The Al Jazeera effect is a term used in political science and media studies to describe the impact of new media and media sources on global politics, namely, reducing the government and mainstream media monopoly on information and empowering groups which previously lacked a global voice. The primary example is the effect's namesake – the impact of the Al Jazeera Media Network on the politics of the Arab world.

Origin and use
Al Jazeera was created in 1996 with the combination of the Emir of Qatar's money and talent from the defunct BBC Arabic service. It started as a response to the strict control that many governments in Arab League countries exercised over most forms of journalism as well as the lack of a free press. Audiences and journalists alike were drawn to Al Jazeera’s goal of reporting news without government censorship, as well as its recruitment of expert journalists who covered multiple perspectives on a singular issue. At the time, the viewing public did not respect journalism because it considered most reporters to be mouthpieces for dictators or political groups. The Emir of Qatar sought to break the heavy handed media management by the government because he had progressive ideas of expanding political participation and allowing independent press.
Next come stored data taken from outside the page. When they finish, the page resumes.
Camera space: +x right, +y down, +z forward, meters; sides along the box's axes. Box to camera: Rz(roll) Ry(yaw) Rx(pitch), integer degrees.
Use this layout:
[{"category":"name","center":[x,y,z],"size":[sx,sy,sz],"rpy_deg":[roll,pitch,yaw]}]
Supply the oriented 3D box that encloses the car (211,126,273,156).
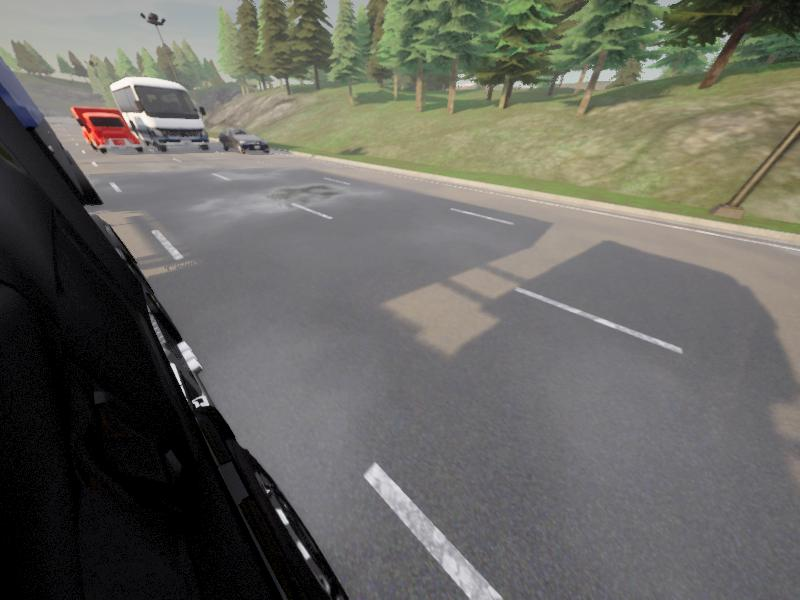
[{"category":"car","center":[-12.812,-12.932,18.724],"size":[5.027,1.651,2.152],"rpy_deg":[28,44,30]}]

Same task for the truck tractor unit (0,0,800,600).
[{"category":"truck tractor unit","center":[-2.645,-0.295,0.352],"size":[6.516,4.208,3.053],"rpy_deg":[28,44,30]}]

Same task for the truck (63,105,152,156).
[{"category":"truck","center":[-20.222,-11.746,16.007],"size":[5.204,2.467,2.627],"rpy_deg":[28,44,30]}]

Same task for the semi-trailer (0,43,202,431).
[{"category":"semi-trailer","center":[-8.708,-3.594,4.224],"size":[14.254,4.402,2.717],"rpy_deg":[28,44,30]}]

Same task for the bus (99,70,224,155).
[{"category":"bus","center":[-19.352,-14.857,18.712],"size":[10.273,4.253,3.944],"rpy_deg":[28,44,30]}]
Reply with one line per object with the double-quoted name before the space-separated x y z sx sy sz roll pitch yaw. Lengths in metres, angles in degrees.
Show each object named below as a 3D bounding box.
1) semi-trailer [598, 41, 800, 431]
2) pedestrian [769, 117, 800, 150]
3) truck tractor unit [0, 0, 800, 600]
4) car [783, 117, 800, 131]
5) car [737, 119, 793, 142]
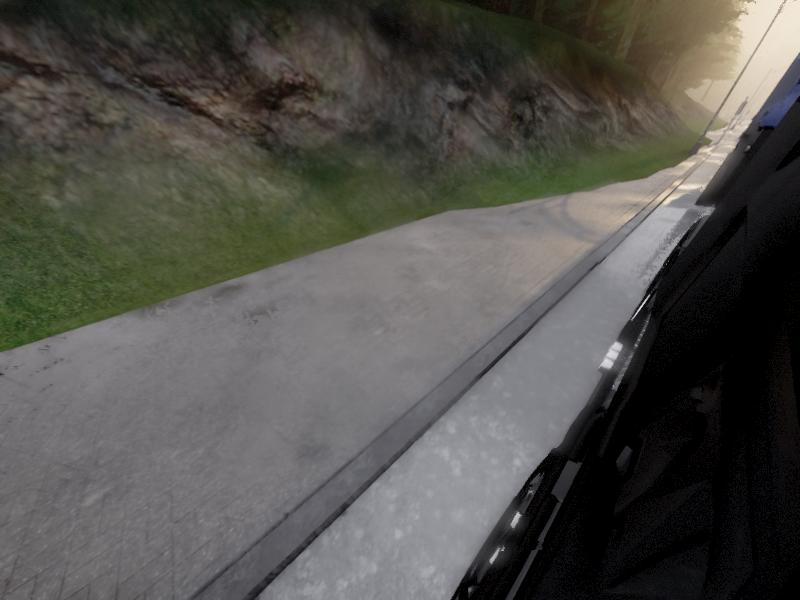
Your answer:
"semi-trailer" 8.701 -3.575 4.265 14.254 4.402 2.717 -28 44 -30
"pedestrian" 28.270 -11.981 16.644 0.751 1.860 0.751 17 41 24
"truck tractor unit" 2.645 -0.295 0.352 6.516 4.208 3.053 -28 44 -30
"car" 60.548 -26.593 34.832 5.027 1.651 2.152 -28 44 -30
"car" 36.443 -17.057 23.240 4.611 1.667 2.242 -30 45 -32
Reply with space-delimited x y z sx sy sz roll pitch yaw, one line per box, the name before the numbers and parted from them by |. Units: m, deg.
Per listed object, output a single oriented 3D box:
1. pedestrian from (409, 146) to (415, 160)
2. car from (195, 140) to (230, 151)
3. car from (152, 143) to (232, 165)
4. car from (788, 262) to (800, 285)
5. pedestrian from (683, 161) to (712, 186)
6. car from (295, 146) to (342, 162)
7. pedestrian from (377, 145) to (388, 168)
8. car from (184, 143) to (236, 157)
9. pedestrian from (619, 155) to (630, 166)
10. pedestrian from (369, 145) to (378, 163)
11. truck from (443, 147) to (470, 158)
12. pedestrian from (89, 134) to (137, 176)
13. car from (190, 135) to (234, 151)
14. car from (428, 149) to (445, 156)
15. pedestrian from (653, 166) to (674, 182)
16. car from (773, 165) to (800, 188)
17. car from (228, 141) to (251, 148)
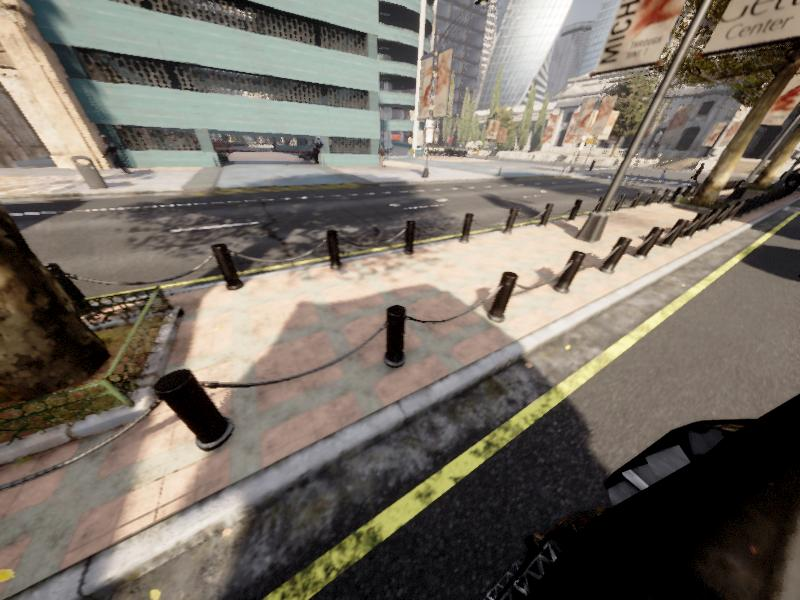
pedestrian | 1.976 -24.129 37.909 0.751 1.860 0.751 14 36 17
car | -33.257 -27.548 41.246 4.514 1.523 2.007 -16 38 -26
car | -17.762 -12.705 20.132 4.786 1.482 2.161 -16 38 -26
car | 10.431 -1.066 4.713 3.705 1.549 1.789 -16 38 -26
pedestrian | 26.660 -11.359 20.751 0.751 1.860 0.751 -21 40 -30
car | -9.802 -17.732 28.050 4.902 1.511 2.128 -16 38 -26
pedestrian | -1.782 -14.321 23.070 0.751 1.860 0.751 -26 43 -35
car | -23.218 -18.539 28.556 4.718 1.301 1.895 -16 38 -26
pedestrian | 44.479 -27.609 45.803 0.751 1.860 0.751 -17 38 -26
pedestrian | -3.216 -17.504 27.716 0.751 1.860 0.751 18 37 22
truck | 14.256 -37.474 58.654 2.390 2.098 6.274 -24 42 -33
pedestrian | -15.615 -7.912 12.647 0.751 1.860 0.751 -13 37 -22
car | -33.192 -27.888 41.053 5.566 2.045 2.435 -16 38 -26
car | 10.394 -41.895 65.625 4.181 1.385 1.994 26 40 30
pedestrian | 26.257 -12.571 23.032 0.751 1.300 0.751 -16 38 -25
car | 40.570 -11.693 22.165 1.932 1.855 4.605 -16 38 -25
car | -42.173 -40.787 60.694 4.718 1.301 1.895 -16 38 -26
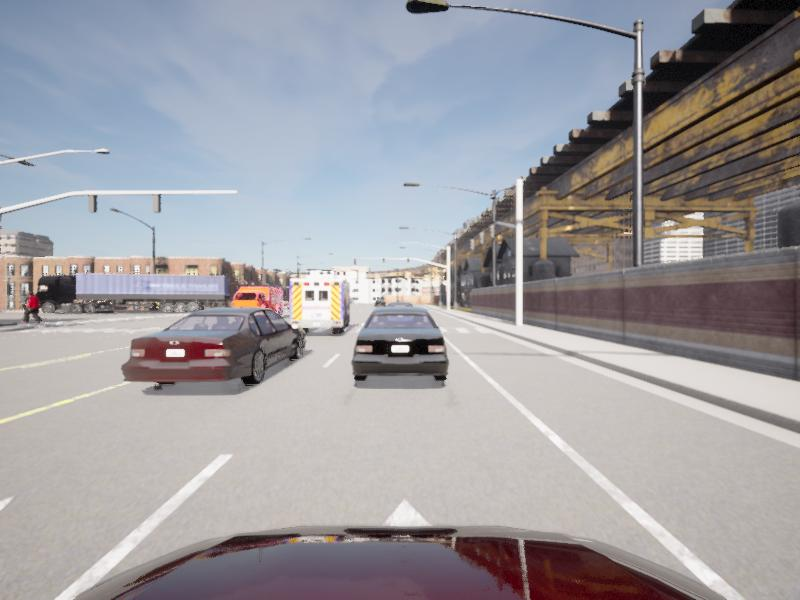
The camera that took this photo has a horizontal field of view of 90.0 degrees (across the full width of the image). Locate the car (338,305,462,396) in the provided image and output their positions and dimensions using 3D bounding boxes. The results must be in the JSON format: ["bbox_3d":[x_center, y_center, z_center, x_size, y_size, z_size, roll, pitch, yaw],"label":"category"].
[{"bbox_3d":[0.006,0.865,9.229,2.033,1.411,5.357,0,0,0],"label":"car"}]

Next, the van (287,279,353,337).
[{"bbox_3d":[-3.724,0.314,19.983,2.351,2.431,6.366,0,0,-3],"label":"van"}]

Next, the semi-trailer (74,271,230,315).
[{"bbox_3d":[-26.267,-0.762,43.305,14.254,4.402,2.717,0,1,-12],"label":"semi-trailer"}]

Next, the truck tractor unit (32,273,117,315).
[{"bbox_3d":[-34.051,-0.656,42.046,6.516,4.208,3.053,0,0,0],"label":"truck tractor unit"}]

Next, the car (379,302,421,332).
[{"bbox_3d":[0.006,0.824,21.965,2.033,1.411,5.357,0,0,0],"label":"car"}]

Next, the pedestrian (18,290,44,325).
[{"bbox_3d":[-20.306,0.414,22.046,0.751,1.860,0.751,0,0,-2],"label":"pedestrian"}]

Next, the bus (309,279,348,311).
[{"bbox_3d":[-10.375,-0.724,59.145,3.944,4.253,10.273,0,0,0],"label":"bus"}]

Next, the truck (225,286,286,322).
[{"bbox_3d":[-10.497,0.262,29.560,2.627,2.467,5.204,0,0,0],"label":"truck"}]

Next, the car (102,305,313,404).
[{"bbox_3d":[-3.498,0.867,8.733,2.033,1.411,5.357,0,0,0],"label":"car"}]

Similarly, founders set up Al Jazeera to counter the dominant Western viewpoint of Arabs and Arabic culture throughout the 20th century. Arabs depended on the BBC and CNN International – but were frustrated they had to listen to the Western viewpoints about themselves. William Lafi Youmans attributes the first use of the term to Philip Seib, author of The Al Jazeera Effect: How the New Global Media Are Reshaping World Politics (2008). However, Simon Henderson, who in turn attributes the term to "diplomats in the region", had used it as early as 2000. As used by Henderson, the Al Jazeera effect originally referred to Arab Middle East governments losing their monopoly on information because of the popularity and easy access to the Al Jazeera satellite television media network, and scholars still often use it in such a limited context. Thomas L. McPhail used it to refer to the changes in all of the Arab media. Seib generalized it to other, Internet-powered new media worldwide.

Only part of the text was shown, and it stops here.